I changed the name of third field to cpu-list, and use perf_cpu_map_new() to
parse the list. This api doesn't accept a mask.
--workload-attr <sched_policy[,priority][,cpu-list]>
setup target workload (the <command>) attributes:
sched_policy: other|fifo|rr|batch|idle
priority: scheduling priority for fifo|rr, nice value for other
cpu-list: CPU affinity. e.g. 1-2:4 is processors #1, #2, and #4
> - could we get a test? Perhaps add a case to tools/perf/tests/shell/stat.sh:
> https://git.kernel.org/pub/scm/linux/kernel/git/perf/perf-tools-next.git/tree/tools/perf/tests/shell/stat.sh?h=perf-tools-next
>
No problem, I will add a testcase there.
> Thanks,
> Ian
>
> > --
> > Cheers,
> > Changbin Du
@@ -3289,6 +3289,17 @@ static int parse_record_synth_option(const struct option *opt,
return 0;
}
+static int record_parse_workload_attr_opt(const struct option *opt,
+ const char *arg,
+ int unset __maybe_unused)
+{
+ struct record_opts *opts = opt->value;
+
+ return evlist__parse_workload_attr(arg, &opts->target.workload.sched_policy,
+ &opts->target.workload.sched_priority,
+ &opts->target.workload.cpu_mask);
+}
+
/*
* XXX Ideally would be local to cmd_record() and passed to a record__new
* because we need to have access to it in record__exit, that is called
@@ -3309,6 +3320,8 @@ static struct record record = {
.target = {
.uses_mmap = true,
.default_per_cpu = true,
+ .workload.sched_policy = -1,
+ .workload.sched_priority = 0,
},
.mmap_flush = MMAP_FLUSH_DEFAULT,
.nr_threads_synthesize = 1,
@@ -3333,6 +3346,12 @@ static struct record record = {
const char record_callchain_help[] = CALLCHAIN_RECORD_HELP
"\n\t\t\t\tDefault: fp";
+const char record_workload_attr_help[] =
+ "setup target workload (the <command>) attributes:\n\n"

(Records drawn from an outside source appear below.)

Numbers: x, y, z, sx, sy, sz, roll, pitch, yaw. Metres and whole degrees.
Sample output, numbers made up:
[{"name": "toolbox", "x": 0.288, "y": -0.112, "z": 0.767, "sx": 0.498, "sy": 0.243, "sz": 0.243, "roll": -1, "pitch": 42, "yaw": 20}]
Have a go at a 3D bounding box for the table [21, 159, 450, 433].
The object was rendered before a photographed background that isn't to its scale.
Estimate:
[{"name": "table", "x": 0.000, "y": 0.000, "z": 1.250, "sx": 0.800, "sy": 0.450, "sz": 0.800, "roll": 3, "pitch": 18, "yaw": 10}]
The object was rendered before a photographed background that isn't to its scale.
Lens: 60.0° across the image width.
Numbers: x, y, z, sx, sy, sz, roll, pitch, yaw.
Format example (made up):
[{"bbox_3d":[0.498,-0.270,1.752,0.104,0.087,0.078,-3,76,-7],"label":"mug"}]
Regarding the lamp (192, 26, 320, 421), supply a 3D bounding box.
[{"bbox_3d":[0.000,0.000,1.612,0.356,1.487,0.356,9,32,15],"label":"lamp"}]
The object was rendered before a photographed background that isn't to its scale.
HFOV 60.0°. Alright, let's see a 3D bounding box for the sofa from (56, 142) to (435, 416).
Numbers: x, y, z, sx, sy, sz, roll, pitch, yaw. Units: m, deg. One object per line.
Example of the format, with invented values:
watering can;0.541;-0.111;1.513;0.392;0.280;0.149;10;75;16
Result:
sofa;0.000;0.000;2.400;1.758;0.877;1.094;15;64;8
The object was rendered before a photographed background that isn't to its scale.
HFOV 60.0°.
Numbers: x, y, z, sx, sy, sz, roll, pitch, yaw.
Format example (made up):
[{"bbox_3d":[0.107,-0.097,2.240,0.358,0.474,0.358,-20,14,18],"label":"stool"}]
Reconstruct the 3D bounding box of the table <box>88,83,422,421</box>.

+ HELP_PAD "sched_policy: other|fifo|rr|batch|idle\n"
+ HELP_PAD "priority: scheduling priority for fifo|rr, nice value for other\n"
+ HELP_PAD "cpu-mask: CPU affinity mask. e.g. 0x03 is processors #0 and #1";
+
static bool dry_run;
static struct parse_events_option_args parse_events_option_args = {
@@ -3551,6 +3570,9 @@ static struct option __record_options[] = {
"write collected trace data into several data files using parallel threads",
record__parse_threads),
OPT_BOOLEAN(0, "off-cpu", &record.off_cpu, "Enable off-cpu analysis"),
+ OPT_CALLBACK(0, "workload-attr", &record.opts,
+ "sched_policy[,priority][,cpu-mask]", record_workload_attr_help,
+ &record_parse_workload_attr_opt),
OPT_END()
};
@@ -108,6 +108,8 @@ static bool all_counters_use_bpf = true;
static struct target target = {
.uid = UINT_MAX,
+ .workload.sched_policy = -1,
+ .workload.sched_priority = 0,
};
#define METRIC_ONLY_LEN 20
@@ -1160,6 +1162,14 @@ static int parse_cache_level(const struct option *opt,
return 0;
}
+static int parse_workload_attr_opt(const struct option *opt __maybe_unused, const char *arg,
+ int unset __maybe_unused)
+{
+ return evlist__parse_workload_attr(arg, &target.workload.sched_policy,
+ &target.workload.sched_priority,
+ &target.workload.cpu_mask);
+}
+
static struct option stat_options[] = {
OPT_BOOLEAN('T', "transaction", &transaction_run,
"hardware transaction statistics"),
@@ -1298,6 +1308,9 @@ static struct option stat_options[] = {
OPT_CALLBACK_OPTARG(0, "iostat", &evsel_list, &stat_config, "default",
"measure I/O performance metrics provided by arch/platform",
iostat_parse),
+ OPT_CALLBACK(0, "workload-attr", &stat_config,
+ "sched_policy[,priority][,cpu-mask]", record_workload_attr_help,
+ &parse_workload_attr_opt),
OPT_END()
};
@@ -46,6 +46,7 @@
#include <sys/mman.h>
#include <sys/prctl.h>
#include <sys/timerfd.h>
+#include <sys/resource.h>
#include <linux/bitops.h>
#include <linux/hash.h>
@@ -1398,6 +1399,119 @@ int evlist__open(struct evlist *evlist)
return err;
}
+int evlist__parse_workload_attr(const char *str, int *sched_policy, int *sched_priority,
+ cpu_set_t *cpu_mask)
+{
+ char *tok, *saveptr = NULL;
+ char *buf;
+ int ret = -1;
+
+ /* We need buffer that we know we can write to. */
+ buf = strdup(str);
+ if (!buf)
+ return -ENOMEM;
+
+ tok = strtok_r((char *)buf, ",", &saveptr);
+ do {
+ /* sched_policy */
+ if (!strncmp(tok, "other", sizeof("other")))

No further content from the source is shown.